What is being asked ▸ Give back every record below word for word, with the pictures omitted.

Top of Task inputs

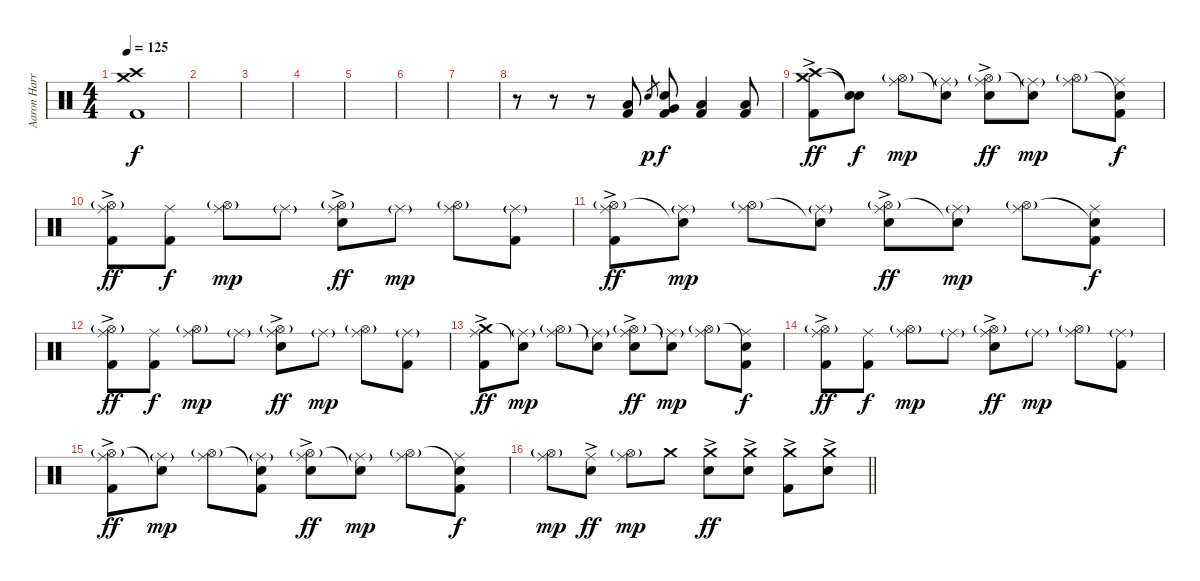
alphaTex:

\track ("Aaron Harris" "Aaron Harr") {instrument percussion}
\staff {score}
\articulation defaults
\ts (4 4)
\tempo 125
\clef neutral
\ks c
("Crash high (hit)" "Crash medium (hit)" "Kick (hit) 2").1{dy f} |
|
|
|
|
|
|
r.8 r.8 r.8 ("Low Floor Tom (hit)" "Kick (hit) 2").8 "Electric Snare (hit)".8{gr dy p} ("Very Low Tom (hit)" "Electric Snare (hit)" "Kick (hit) 2").8{dy f} ("Low Floor Tom (hit)" "Kick (hit) 2").4 ("Low Floor Tom (hit)" "Kick (hit) 2").8 |
("Crash medium (hit)" "Crash high (hit)" "Kick (hit) 2"{ac}).8{dy ff} ("Snare (hit)"{t} "Snare (hit)"{t}).8{dy f} ("Hi-Hat (open)"{g} "Ride (middle)").8{dy mp} ("Snare (hit)"{t} "Ride (middle)"{g}).8 ("Hi-Hat (open)"{g} "Ride (middle)" "Snare (hit) 2"{ac}).8{dy ff} ("Snare (hit)"{t} "Ride (middle)"{g}).8{dy mp} ("Hi-Hat (open)"{g} "Ride (middle)").8 ("Snare (hit)"{t} "Ride (middle)" "Kick (hit) 2").8{dy f} |
("Hi-Hat (open)"{g} "Ride (middle)" "Kick (hit) 2"{ac}).8{dy ff} ("Ride (middle)" "Kick (hit) 2").8{dy f} ("Hi-Hat (open)"{g} "Ride (middle)").8{dy mp} "Ride (middle)"{g}.8 ("Hi-Hat (open)"{g} "Ride (middle)" "Snare (hit) 2"{ac}).8{dy ff} "Ride (middle)"{g}.8{dy mp} ("Hi-Hat (open)"{g} "Ride (middle)").8 ("Ride (middle)"{g} "Kick (hit) 2").8 |
("Hi-Hat (open)"{g} "Ride (middle)" "Kick (hit) 2"{ac}).8{dy ff} ("Snare (hit)"{t} "Ride (middle)"{g}).8{dy mp} ("Hi-Hat (open)"{g} "Ride (middle)").8 ("Snare (hit)"{t} "Ride (middle)"{g}).8 ("Hi-Hat (open)"{g} "Ride (middle)" "Snare (hit) 2"{ac}).8{dy ff} ("Snare (hit)"{t} "Ride (middle)"{g}).8{dy mp} ("Hi-Hat (open)"{g} "Ride (middle)").8 ("Snare (hit)"{t} "Ride (middle)" "Kick (hit) 2").8{dy f} |
("Hi-Hat (open)"{g} "Ride (middle)" "Kick (hit) 2"{ac}).8{dy ff} ("Ride (middle)" "Kick (hit) 2").8{dy f} ("Hi-Hat (open)"{g} "Ride (middle)").8{dy mp} "Ride (middle)"{g}.8 ("Hi-Hat (open)"{g} "Ride (middle)" "Snare (hit) 2"{ac}).8{dy ff} "Ride (middle)"{g}.8{dy mp} ("Hi-Hat (open)"{g} "Ride (middle)").8 ("Ride (middle)"{g} "Kick (hit) 2").8 |
("Crash medium (hit)" "Ride (middle)" "Kick (hit) 2"{ac}).8{dy ff} ("Snare (hit)"{t} "Ride (middle)"{g}).8{dy mp} ("Hi-Hat (open)"{g} "Ride (middle)").8 ("Snare (hit)"{t} "Ride (middle)"{g}).8 ("Hi-Hat (open)"{g} "Ride (middle)" "Snare (hit) 2"{ac}).8{dy ff} ("Snare (hit)"{t} "Ride (middle)"{g}).8{dy mp} ("Hi-Hat (open)"{g} "Ride (middle)").8 ("Snare (hit)"{t} "Ride (middle)" "Kick (hit) 2").8{dy f} |
("Hi-Hat (open)"{g} "Ride (middle)" "Kick (hit) 2"{ac}).8{dy ff} ("Ride (middle)" "Kick (hit) 2").8{dy f} ("Hi-Hat (open)"{g} "Ride (middle)").8{dy mp} "Ride (middle)"{g}.8 ("Hi-Hat (open)"{g} "Ride (middle)" "Snare (hit) 2"{ac}).8{dy ff} "Ride (middle)"{g}.8{dy mp} ("Hi-Hat (open)"{g} "Ride (middle)").8 ("Ride (middle)"{g} "Kick (hit) 2").8 |
("Hi-Hat (open)"{g} "Ride (middle)" "Kick (hit) 2"{ac}).8{dy ff} ("Snare (hit)"{t} "Ride (middle)"{g}).8{dy mp} ("Hi-Hat (open)"{g} "Ride (middle)").8 ("Snare (hit)"{t} "Ride (middle)"{g} "Kick (hit) 2").8 ("Hi-Hat (open)"{g} "Ride (middle)" "Snare (hit) 2"{ac}).8{dy ff} ("Snare (hit)"{t} "Ride (middle)"{g}).8{dy mp} ("Hi-Hat (open)"{g} "Ride (middle)").8 ("Snare (hit)"{t} "Ride (middle)" "Kick (hit) 2").8{dy f} |
\barLineRight lightlight
("Hi-Hat (open)"{g} "Ride (middle)").8{dy mp} ("Ride (middle)" "Snare (hit) 2"{ac}).8{dy ff} ("Hi-Hat (open)"{g} "Ride (middle)").8{dy mp} "Crash medium (hit)".8 ("Crash medium (hit)" "Snare (hit) 2"{ac}).8{dy ff} ("Crash medium (hit)" "Snare (hit) 2"{ac}).8 ("Crash medium (hit)" "Kick (hit) 2"{ac}).8 ("Crash medium (hit)" "Snare (hit) 2"{ac}).8

Bottom of Task inputs

Solution ▸
alphaTex:

\track ("Aaron Harris" "Aaron Harr") {instrument percussion}
\staff {score}
\articulation defaults
\ts (4 4)
\tempo 125
\clef neutral
\ks c
("Crash high (hit)" "Crash medium (hit)" "Kick (hit) 2").1{dy f} |
|
|
|
|
|
|
r.8 r.8 r.8 ("Low Floor Tom (hit)" "Kick (hit) 2").8 "Electric Snare (hit)".8{gr dy p} ("Very Low Tom (hit)" "Electric Snare (hit)" "Kick (hit) 2").8{dy f} ("Low Floor Tom (hit)" "Kick (hit) 2").4 ("Low Floor Tom (hit)" "Kick (hit) 2").8 |
("Crash medium (hit)" "Crash high (hit)" "Kick (hit) 2"{ac}).8{dy ff} ("Snare (hit)"{t} "Snare (hit)"{t}).8{dy f} ("Hi-Hat (open)"{g} "Ride (middle)").8{dy mp} ("Snare (hit)"{t} "Ride (middle)"{g}).8 ("Hi-Hat (open)"{g} "Ride (middle)" "Snare (hit) 2"{ac}).8{dy ff} ("Snare (hit)"{t} "Ride (middle)"{g}).8{dy mp} ("Hi-Hat (open)"{g} "Ride (middle)").8 ("Snare (hit)"{t} "Ride (middle)" "Kick (hit) 2").8{dy f} |
("Hi-Hat (open)"{g} "Ride (middle)" "Kick (hit) 2"{ac}).8{dy ff} ("Ride (middle)" "Kick (hit) 2").8{dy f} ("Hi-Hat (open)"{g} "Ride (middle)").8{dy mp} "Ride (middle)"{g}.8 ("Hi-Hat (open)"{g} "Ride (middle)" "Snare (hit) 2"{ac}).8{dy ff} "Ride (middle)"{g}.8{dy mp} ("Hi-Hat (open)"{g} "Ride (middle)").8 ("Ride (middle)"{g} "Kick (hit) 2").8 |
("Hi-Hat (open)"{g} "Ride (middle)" "Kick (hit) 2"{ac}).8{dy ff} ("Snare (hit)"{t} "Ride (middle)"{g}).8{dy mp} ("Hi-Hat (open)"{g} "Ride (middle)").8 ("Snare (hit)"{t} "Ride (middle)"{g}).8 ("Hi-Hat (open)"{g} "Ride (middle)" "Snare (hit) 2"{ac}).8{dy ff} ("Snare (hit)"{t} "Ride (middle)"{g}).8{dy mp} ("Hi-Hat (open)"{g} "Ride (middle)").8 ("Snare (hit)"{t} "Ride (middle)" "Kick (hit) 2").8{dy f} |
("Hi-Hat (open)"{g} "Ride (middle)" "Kick (hit) 2"{ac}).8{dy ff} ("Ride (middle)" "Kick (hit) 2").8{dy f} ("Hi-Hat (open)"{g} "Ride (middle)").8{dy mp} "Ride (middle)"{g}.8 ("Hi-Hat (open)"{g} "Ride (middle)" "Snare (hit) 2"{ac}).8{dy ff} "Ride (middle)"{g}.8{dy mp} ("Hi-Hat (open)"{g} "Ride (middle)").8 ("Ride (middle)"{g} "Kick (hit) 2").8 |
("Crash medium (hit)" "Ride (middle)" "Kick (hit) 2"{ac}).8{dy ff} ("Snare (hit)"{t} "Ride (middle)"{g}).8{dy mp} ("Hi-Hat (open)"{g} "Ride (middle)").8 ("Snare (hit)"{t} "Ride (middle)"{g}).8 ("Hi-Hat (open)"{g} "Ride (middle)" "Snare (hit) 2"{ac}).8{dy ff} ("Snare (hit)"{t} "Ride (middle)"{g}).8{dy mp} ("Hi-Hat (open)"{g} "Ride (middle)").8 ("Snare (hit)"{t} "Ride (middle)" "Kick (hit) 2").8{dy f} |
("Hi-Hat (open)"{g} "Ride (middle)" "Kick (hit) 2"{ac}).8{dy ff} ("Ride (middle)" "Kick (hit) 2").8{dy f} ("Hi-Hat (open)"{g} "Ride (middle)").8{dy mp} "Ride (middle)"{g}.8 ("Hi-Hat (open)"{g} "Ride (middle)" "Snare (hit) 2"{ac}).8{dy ff} "Ride (middle)"{g}.8{dy mp} ("Hi-Hat (open)"{g} "Ride (middle)").8 ("Ride (middle)"{g} "Kick (hit) 2").8 |
("Hi-Hat (open)"{g} "Ride (middle)" "Kick (hit) 2"{ac}).8{dy ff} ("Snare (hit)"{t} "Ride (middle)"{g}).8{dy mp} ("Hi-Hat (open)"{g} "Ride (middle)").8 ("Snare (hit)"{t} "Ride (middle)"{g} "Kick (hit) 2").8 ("Hi-Hat (open)"{g} "Ride (middle)" "Snare (hit) 2"{ac}).8{dy ff} ("Snare (hit)"{t} "Ride (middle)"{g}).8{dy mp} ("Hi-Hat (open)"{g} "Ride (middle)").8 ("Snare (hit)"{t} "Ride (middle)" "Kick (hit) 2").8{dy f} |
\barLineRight lightlight
("Hi-Hat (open)"{g} "Ride (middle)").8{dy mp} ("Ride (middle)" "Snare (hit) 2"{ac}).8{dy ff} ("Hi-Hat (open)"{g} "Ride (middle)").8{dy mp} "Crash medium (hit)".8 ("Crash medium (hit)" "Snare (hit) 2"{ac}).8{dy ff} ("Crash medium (hit)" "Snare (hit) 2"{ac}).8 ("Crash medium (hit)" "Kick (hit) 2"{ac}).8 ("Crash medium (hit)" "Snare (hit) 2"{ac}).8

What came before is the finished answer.